Os conservacionistas ficaram animados este ano ao ver a maior postura em massa, desde meados da década de 80, das tartarugas-oliváceas na costa leste da Índia. Segundo a revista ambientalista Down to Earth, isso foi surpreendente tendo em vista os estragos que foram causados por um ciclone em 1999 na costa do Estado de Orissa. Essa costa é considerada o maior local de postura do mundo dessas criaturas em perigo de extinção. Entre 13 e 20 de março, mais de 1.230.000 tartarugas saíram do mar, das quais 711.000 desovaram e 28.000 foram mortas por barcos de arrasto perto do litoral. Os inimigos das tartarugas são muitos: javalis e cães que comem os ovos, caçadores ilegais que vendem tartarugas para os apreciadores da carne, barcos com redes de arrasto que não dispõem de dispositivos para evitar a captura de tartarugas.

Pessoas religiosas vivem mais?

“Participação regular em atividades religiosas, melhor saúde física e vida mais longa andam de mãos dadas, segundo uma avaliação de 42 estudos independentes sobre esse assunto publicados desde 1977”, declara a revista Science News. “Existe uma relação significativa entre o envolvimento com a religião, principalmente a participação pública, e a vida mais longa, dizem os cientistas.” Foram apresentadas várias explicações para essa conclusão: o fato de se evitar comportamentos de risco, estabilidade conjugal, menos depressão devido a questões que fogem do nosso controle, mais contatos sociais e emoções e atitudes positivas. Um dos relatórios conclui: “A participação regular em atividades religiosas provou . . . estar associada com menos risco de morte, principalmente entre as mulheres. As pessoas que seguem uma religião com assiduidade . . . relataram ter mais amizades, menos depressão e hábitos mais saudáveis.”
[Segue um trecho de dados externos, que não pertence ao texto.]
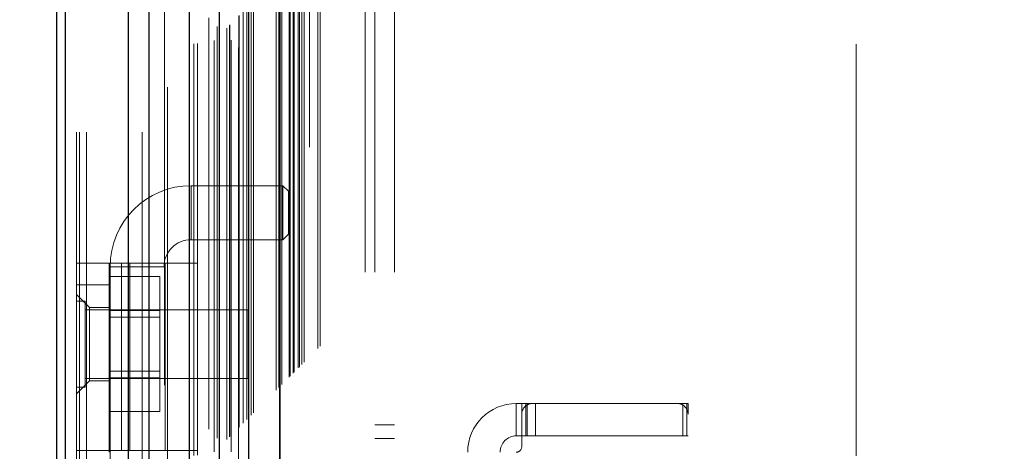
# Model space of a CAD drawing. Header units: inches. Extents: x 0.2 to 10.8, y 0.2 to 8.2.
# Tile 74 of 146: x 3.014 to 3.253, y 5.191 to 5.296. Entities that reach past the tile are written whole.
import ezdxf

# ---------------------------------------------------------------- set-up
doc = ezdxf.new("R2010")
doc.units = ezdxf.units.IN
doc.header["$MEASUREMENT"] = 0
doc.linetypes.add('HIDDEN', pattern=[0.075, 0.05, -0.025])
doc.layers.add('DIMENSIONS', color=140, linetype='Continuous')
doc.styles.add('SLDTEXTSTYLE0', font='TXT', dxfattribs={"width": 0.7})
doc.dimstyles.new('SLDDIMSTYLE0', dxfattribs={"dimtxt": 0.084961, "dimasz": 0.13, "dimexe": 0, "dimexo": 0.0625, "dimgap": 0.02124, "dimtad": 0, "dimtih": 1, "dimtoh": 1, "dimlfac": 15, "dimrnd": 1e-09, "dimzin": 12, "dimdsep": 46, "dimtxsty": 'SLDTEXTSTYLE0', "dimsah": 1, "dimcen": 0.09, "dimadec": 0, "dimazin": 3, "dimtfac": 1, "dimtofl": 0, "dimtmove": 0, "dimatfit": 3, "dimfxl": 0, "dimfrac": 2, "dimtolj": 1, "dimtzin": 12, "dimarcsym": 0})

# ---------------------------------------------------------------- blocks, each defined once
blk = doc.blocks.new('_D')
at = {"layer": 'DIMENSIONS'}
for p, q in [((3.20296, 5.33867), (2.61263, 5.33867)), ((2.73763, 5.33867), (2.73763, 4.5295)), ((2.57606, 4.37545), (2.54753, 4.37545)), ((2.54753, 4.37545), (2.54753, 4.24042)), ((2.89921, 4.37545), (2.92774, 4.37545)), ((2.92774, 4.37545), (2.92774, 4.24042)), ((2.54753, 4.24042), (2.57606, 4.24042)), ((2.92774, 4.24042), (2.89921, 4.24042)), ((2.73763, 3.34644), (2.73763, 4.2214)), ((3.20296, 3.34644), (2.61263, 3.34644))]:
    blk.add_line(p, q, dxfattribs=at)
for points in [[(2.73763, 5.33867), (2.71763, 5.20867), (2.75763, 5.20867)], [(2.73763, 3.34644), (2.75763, 3.47644), (2.71763, 3.47644)]]:
    blk.add_solid(points, dxfattribs=at)
at = {"layer": 'DIMENSIONS', "char_height": 0.083333, "attachment_point": 1, "style": 'SLDTEXTSTYLE0'}
for s, insert in [('29.88', (2.57606, 4.5019)), ('759.0', (2.57606, 4.34785))]:
    blk.add_mtext(s, dxfattribs=dict(at, insert=insert))

msp = doc.modelspace()

# ---------------------------------------------------------------- linework, layer by layer
at = {"color": 7, "linetype": 'HIDDEN', "lineweight": 18}
for p, q in [((3.0299896, 3.1682289), (3.0299896, 5.8855227)), ((3.0275896, 3.1682289), (3.0275896, 5.5243469)), ((3.0282925, 3.1682289), (3.0282925, 5.5239482)), ((3.0299896, 3.1682289), (3.0299896, 5.5231499)), ((3.0435533, 3.1682289), (3.0435533, 5.5167693)), ((3.0452504, 3.1682289), (3.0452504, 5.5165622)), ((3.048948, 5.5067044), (3.048948, 3.1784046)), ((3.0496871, 3.1791361), (3.0496871, 5.5059752)), ((3.0560896, 3.1896663), (3.0560896, 5.495445)), ((3.0569962, 3.1897518), (3.0569962, 5.4953595)), ((3.0596893, 5.4959989), (3.0596893, 3.1891124)), ((3.0610511, 3.1905001), (3.0610511, 5.4946112)), ((3.0617752, 5.4938867), (3.0617752, 3.1912227)), ((3.0640509, 3.1934999), (3.0640509, 5.4916114)), ((3.064702, 3.1941511), (3.064702, 5.4909602)), ((3.0648218, 3.1942708), (3.0648218, 5.4908405)), ((3.0651476, 5.4905221), (3.0651476, 3.1945986)), ((3.0669569, 5.4887313), (3.0669569, 3.19638)), ((3.0669816, 3.1964289), (3.0669816, 5.4886836)), ((3.0670888, 3.1965378), (3.0670888, 5.4885735)), ((3.0680442, 3.1974957), (3.0680442, 5.4876149)), ((3.068944, 3.198393), (3.068944, 5.4867183)), ((3.0693205, 5.4863751), (3.0693205, 3.1987362)), ((3.0699859, 3.1994349), (3.0699859, 5.4856764)), ((3.0705705, 3.2000195), (3.0705705, 5.4850918)), ((3.0760776, 3.2055266), (3.0760776, 5.4795847)), ((3.0767442, 3.2061933), (3.0767442, 5.478918)), ((3.0770776, 5.4785847), (3.0770776, 3.2065266)), ((3.0770776, 3.2065266), (3.0770776, 5.4785847)), ((3.0774109, 3.2068599), (3.0774109, 5.4782514)), ((3.077449, 3.2068841), (3.077449, 5.4782174)), ((3.0792442, 3.2086933), (3.0792442, 5.476418)), ((3.0792442, 3.2086933), (3.0792442, 5.476418)), ((3.079437, 3.208886), (3.079437, 5.4762253)), ((3.0801804, 3.2096294), (3.0801804, 5.4754819)), ((3.0804109, 3.2098599), (3.0804109, 5.4752514)), ((3.081709, 3.2111424), (3.081709, 5.4739677)), ((3.0822748, 3.2117238), (3.0822748, 5.4733875)), ((3.0828932, 3.2123422), (3.0828932, 5.4727691)), ((3.0861656, 3.2156146), (3.0861656, 5.4694967)), ((3.0867483, 3.2161996), (3.0867483, 5.4689281)), ((3.0976562, 3.2341622), (3.0976562, 5.4508955)), ((3.0976562, 3.2341622), (3.0976562, 5.4508955)), ((3.1000562, 3.2341622), (3.1000562, 5.4508955)), ((3.1048562, 3.2341622), (3.1048562, 5.4508955)), ((3.0769622, 3.264589), (3.0769622, 5.4205223)), ((3.0817622, 3.264589), (3.0817622, 5.4205223)), ((3.0841622, 3.264589), (3.0841622, 5.4205223)), ((3.0841622, 3.264589), (3.0841622, 5.4205223)), ((3.0919622, 5.4205223), (3.2169622, 5.2955223)), ((3.0767325, 5.3139973), (3.0767325, 5.2237086)), ((3.2169622, 3.389589), (3.2169622, 5.2955223)), ((3.0554111, 5.242074), (3.0554111, 5.2551974)), ((3.0777208, 5.2551974), (3.0554111, 5.2551974)), ((3.0777208, 5.2551974), (3.0777208, 5.242074)), ((3.0790331, 5.253885), (3.0777208, 5.2551974)), ((3.0790331, 5.253885), (3.0790331, 5.2433864)), ((3.0777208, 5.242074), (3.0790331, 5.2433864)), ((3.0554111, 5.242074), (3.0777208, 5.242074)), ((3.0275896, 5.2363942), (3.0569859, 5.2363942)), ((3.0354636, 5.1908562), (3.0354636, 5.2363942)), ((3.0384836, 5.1908562), (3.0384836, 5.2363942)), ((3.0405215, 5.2363942), (3.0405215, 5.1908562)), ((3.0491119, 5.1908562), (3.0491119, 5.2363942)), ((3.0569859, 5.1908562), (3.0569859, 5.2363942)), ((3.0357261, 5.2355123), (3.0488494, 5.2355123)), ((3.0357261, 5.2355123), (3.0357261, 5.0386619)), ((3.0488494, 5.0386619), (3.0488494, 5.2355123)), ((3.0354636, 5.2330923), (3.0477969, 5.2330923)), ((3.0477969, 5.2248939), (3.0477969, 5.2330923)), ((3.0275896, 5.2311449), (3.0354636, 5.2311449)), ((3.0307392, 5.2256331), (3.0275896, 5.2287827)), ((3.0296729, 5.2271122), (3.0275896, 5.2271122)), ((3.0296729, 5.2062789), (3.0296729, 5.2271122)), ((3.0692562, 5.2250289), (3.0296729, 5.2250289)), ((3.0307392, 5.2256331), (3.0307392, 5.2167092)), ((3.0354636, 5.2256331), (3.0307392, 5.2256331)), ((3.0354636, 5.2248939), (3.0477969, 5.2248939)), ((3.0477969, 5.2084972), (3.0477969, 5.2248939)), ((3.0692562, 5.2083622), (3.0692562, 5.2250289)), ((3.0477969, 5.2232255), (3.0354636, 5.2232255)), ((3.0307392, 5.2167092), (3.0307392, 5.2077853)), ((3.0354636, 5.2101655), (3.0477969, 5.2101655)), ((3.0275896, 5.2046357), (3.0307392, 5.2077853)), ((3.0296729, 5.2083622), (3.0692562, 5.2083622)), ((3.0307392, 5.2077853), (3.0354636, 5.2077853)), ((3.0354636, 5.2084972), (3.0477969, 5.2084972)), ((3.0477969, 5.2002988), (3.0477969, 5.2084972)), ((3.0275896, 5.2062789), (3.0296729, 5.2062789)), ((3.0354636, 5.2002988), (3.0477969, 5.2002988)), ((3.1344137, 5.2022735), (3.1344137, 5.1943995)), ((3.1344137, 5.2022735), (3.1357261, 5.2022735)), ((3.1357261, 5.2022735), (3.1370384, 5.2022735)), ((3.1357261, 5.1996488), (3.1357261, 5.2022735)), ((3.1367413, 5.1943995), (3.1367413, 5.2022735)), ((3.1370384, 5.1943995), (3.1370384, 5.2022735)), ((3.1383507, 5.2022735), (3.1370384, 5.2022735)), ((3.1735213, 5.2022735), (3.1383507, 5.2022735)), ((3.1390806, 5.1943995), (3.1390806, 5.2022735)), ((3.1748337, 5.2022735), (3.1735213, 5.2022735)), ((3.1748337, 5.2022735), (3.176146, 5.2022735)), ((3.1748337, 5.1943995), (3.1748337, 5.2022735)), ((3.1758606, 5.1943995), (3.1758606, 5.2022735)), ((3.176146, 5.1996488), (3.176146, 5.2022735)), ((3.1357261, 5.1996488), (3.1357261, 5.1917748)), ((3.176146, 5.0762892), (3.176146, 5.1996488)), ((3.1048562, 5.1971289), (3.1000562, 5.1971289)), ((3.1000562, 5.1937955), (3.1048562, 5.1937955)), ((3.1357261, 5.1943995), (3.1344137, 5.1943995)), ((3.1370384, 5.1943995), (3.1357261, 5.1943995)), ((3.1748337, 5.1943995), (3.1370384, 5.1943995)), ((3.176146, 5.1943995), (3.1748337, 5.1943995)), ((3.0569859, 5.1908562), (3.0275896, 5.1908562)), ((3.0354636, 5.1908562), (3.0354636, 5.1904625))]:
    msp.add_line(p, q, dxfattribs=at)
at = {"color": 7, "linetype": 'Continuous', "lineweight": 25}
for p, q in [((3.0227896, 3.1682289), (3.0227896, 5.5248924)), ((3.0248984, 3.1682289), (3.0248984, 5.5239482)), ((3.0401592, 3.1682289), (3.0401592, 5.5167693)), ((3.0452504, 3.1682289), (3.0452504, 5.5165622)), ((3.0549622, 5.4959989), (3.0549622, 3.1891124)), ((3.0622299, 5.4887313), (3.0622299, 3.19638)), ((3.0693205, 5.4863751), (3.0693205, 3.1987362))]:
    msp.add_line(p, q, dxfattribs=at)
at = {"color": 7, "linetype": 'HIDDEN', "lineweight": 18, "flags": 128}
msp.add_lwpolyline([(3.0769145, 5.4787359), (3.0769154, 4.3183776), (3.0769145, 3.2063777)], dxfattribs=at)
at = {"color": 7, "linetype": 'HIDDEN', "lineweight": 18}
for centre, radius, start, end in [((3.0554111, 5.2355123), 0.019685, 90, 180), ((3.0554111, 5.2355123), 0.0065617, 90, 180), ((3.1344137, 5.1904625), 0.011811, 90, 180), ((3.1383507, 5.1996488), 0.0026247, 90, 180), ((3.1735213, 5.1996488), 0.0026247, 0, 90), ((3.1344137, 5.1904625), 0.003937, 90, 180), ((3.1344137, 5.1917748), 0.0013123, 270, 0)]:
    msp.add_arc(centre, radius, start, end, dxfattribs=at)
msp.add_open_spline([(3.0814512, 3.2109068), (3.0814491, 3.216051), (3.0814445, 3.2276284), (3.0814469, 3.2457468), (3.081448, 3.2650563), (3.0814472, 3.29292), (3.0814475, 3.3292499), (3.0814473, 3.4128513), (3.0814475, 3.5771894), (3.0814473, 3.8974565), (3.0814477, 4.3861118), (3.0814461, 4.8900377), (3.0814488, 5.2334038), (3.081447, 5.3650676), (3.0814483, 5.3963196), (3.0814464, 5.4231915), (3.0814453, 5.4448704), (3.0814525, 5.4600801), (3.0814594, 5.4695551), (3.0814676, 5.4739306), (3.0814681, 5.4741923)], degree=3, knots=[0, 0, 0, 0, 0.00681866, 0.01534591, 0.02401606, 0.03241351, 0.05227944, 0.0721716, 0.14322762, 0.27011074, 0.49668772, 0.79094355, 0.93806785, 0.9518218, 0.9654648, 0.97949253, 0.98744074, 0.99420025, 0.99965311, 1, 1, 1, 1], dxfattribs=at)

# ---------------------------------------------------------------- dimensions: what is measured, and where the dimension line sits
at = {"layer": 'DIMENSIONS'}
dim = msp.add_linear_dim(base=(2.7376339, 3.3464446), p1=(3.2529622, 5.3386667), p2=(3.2529622, 3.3464446), angle=90, dimstyle='SLDDIMSTYLE0', dxfattribs=at)
dim.commit()
dim.dimension.update_dxf_attribs({"geometry": '_D', "text_midpoint": (2.7376339, 4.375454), "dimtype": 160})

doc.saveas('drawing.dxf')

Mais de um bilhão de habitantes na Índia

Em 11 de maio de 2000, foi dito que a população da Índia chegou a um bilhão. Mas a Associated Press explicou: “Não é fácil determinar quando a Índia atingiu a população de 1 bilhão visto que no país nascem 42.000 crianças por dia e os registros médicos são poucos.” Com o aumento da população, aumentam também a fome e o analfabetismo, apesar dos grandes avanços na produção de alimentos e na educação. Embora milhões vivam na miséria, um filho é encarado como um futuro trabalhador que poderá ajudar no sustento da família.